= EXERCISE REQUIREMENTS =
Start at the line in the entries below that contains "Every object in", stop at the line that contains "#11 cake pan box (188,0,414,217)", and output exactly the lines in that span, both ends included.

= RECORDED DATA =
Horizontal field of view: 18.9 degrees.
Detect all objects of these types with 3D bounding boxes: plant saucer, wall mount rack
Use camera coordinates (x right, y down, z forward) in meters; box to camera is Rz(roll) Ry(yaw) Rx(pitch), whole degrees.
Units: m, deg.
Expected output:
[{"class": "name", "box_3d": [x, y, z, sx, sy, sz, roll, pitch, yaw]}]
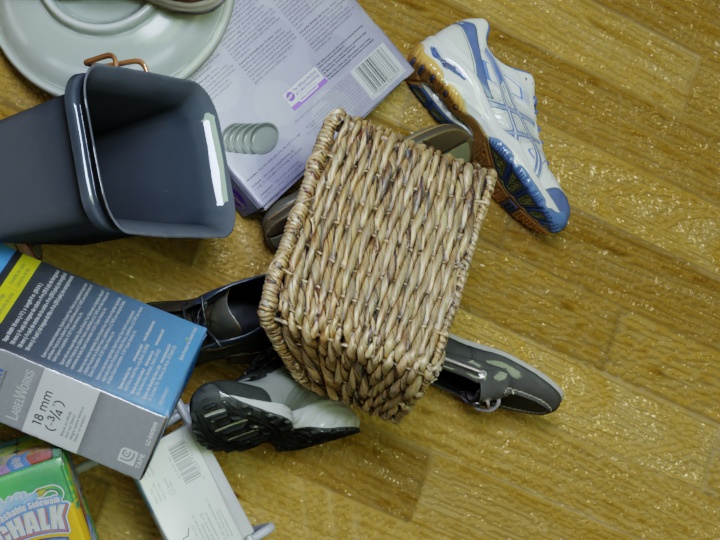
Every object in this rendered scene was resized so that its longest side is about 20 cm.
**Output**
[{"class": "plant saucer", "box_3d": [-0.199, -0.230, 1.705, 0.200, 0.050, 0.200, -1, 76, 2]}, {"class": "wall mount rack", "box_3d": [-0.167, 0.190, 1.678, 0.174, 0.075, 0.200, -28, 92, -27]}]

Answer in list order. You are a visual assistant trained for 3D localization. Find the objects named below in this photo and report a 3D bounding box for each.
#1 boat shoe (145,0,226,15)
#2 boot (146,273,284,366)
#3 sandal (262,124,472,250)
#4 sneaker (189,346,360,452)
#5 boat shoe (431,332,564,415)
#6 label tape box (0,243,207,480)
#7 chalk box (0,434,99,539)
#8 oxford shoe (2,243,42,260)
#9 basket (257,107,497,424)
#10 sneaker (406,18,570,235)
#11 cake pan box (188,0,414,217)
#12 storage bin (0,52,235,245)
[{"class": "boat shoe", "box_3d": [-0.194, -0.248, 1.645, 0.200, 0.072, 0.076, 7, 76, 5]}, {"class": "boot", "box_3d": [-0.137, 0.041, 1.692, 0.200, 0.097, 0.075, -13, 71, -25]}, {"class": "sandal", "box_3d": [0.002, -0.078, 1.796, 0.200, 0.080, 0.054, -24, 54, -16]}, {"class": "sneaker", "box_3d": [-0.074, 0.097, 1.692, 0.200, 0.074, 0.079, 9, 64, -62]}, {"class": "boat shoe", "box_3d": [0.071, 0.083, 1.790, 0.200, 0.067, 0.057, 28, 66, -9]}, {"class": "label tape box", "box_3d": [-0.226, 0.059, 1.587, 0.200, 0.144, 0.063, 23, 115, -2]}, {"class": "chalk box", "box_3d": [-0.257, 0.191, 1.577, 0.124, 0.124, 0.200, -17, 101, -5]}, {"class": "oxford shoe", "box_3d": [-0.323, -0.075, 1.673, 0.074, 0.071, 0.200, -35, 100, 7]}, {"class": "basket", "box_3d": [0.000, 0.000, 1.687, 0.149, 0.143, 0.200, 20, 64, -7]}, {"class": "sneaker", "box_3d": [0.129, -0.127, 1.845, 0.088, 0.075, 0.200, -38, 97, -23]}, {"class": "cake pan box", "box_3d": [-0.079, -0.175, 1.784, 0.200, 0.052, 0.184, -45, 100, -22]}, {"class": "storage bin", "box_3d": [-0.206, -0.082, 1.635, 0.200, 0.134, 0.146, 1, 77, -67]}]
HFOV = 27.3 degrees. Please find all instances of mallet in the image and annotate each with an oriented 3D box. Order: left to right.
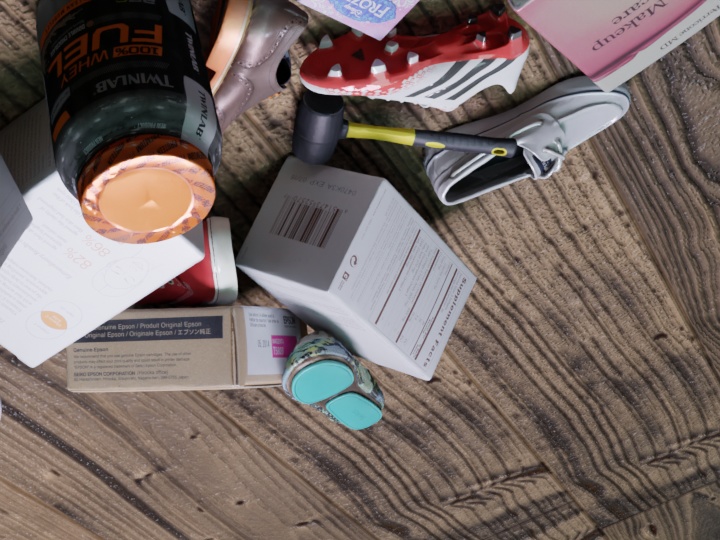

= RESULT OF THE EXERCISE =
Every object in this rendered scene was resized so that its longest side is about 20 cm.
**Output**
[{"class": "plant saucer", "box_3d": [-0.199, -0.230, 1.705, 0.200, 0.050, 0.200, -1, 76, 2]}, {"class": "wall mount rack", "box_3d": [-0.167, 0.190, 1.678, 0.174, 0.075, 0.200, -28, 92, -27]}]

Answer in list order. You are a visual assistant trained for 3D localization. Find the objects named below in this photo and report a 3D bounding box for each.
#1 boat shoe (145,0,226,15)
#2 boot (146,273,284,366)
#3 sandal (262,124,472,250)
#4 sneaker (189,346,360,452)
#5 boat shoe (431,332,564,415)
#6 label tape box (0,243,207,480)
#7 chalk box (0,434,99,539)
#8 oxford shoe (2,243,42,260)
#9 basket (257,107,497,424)
#10 sneaker (406,18,570,235)
#11 cake pan box (188,0,414,217)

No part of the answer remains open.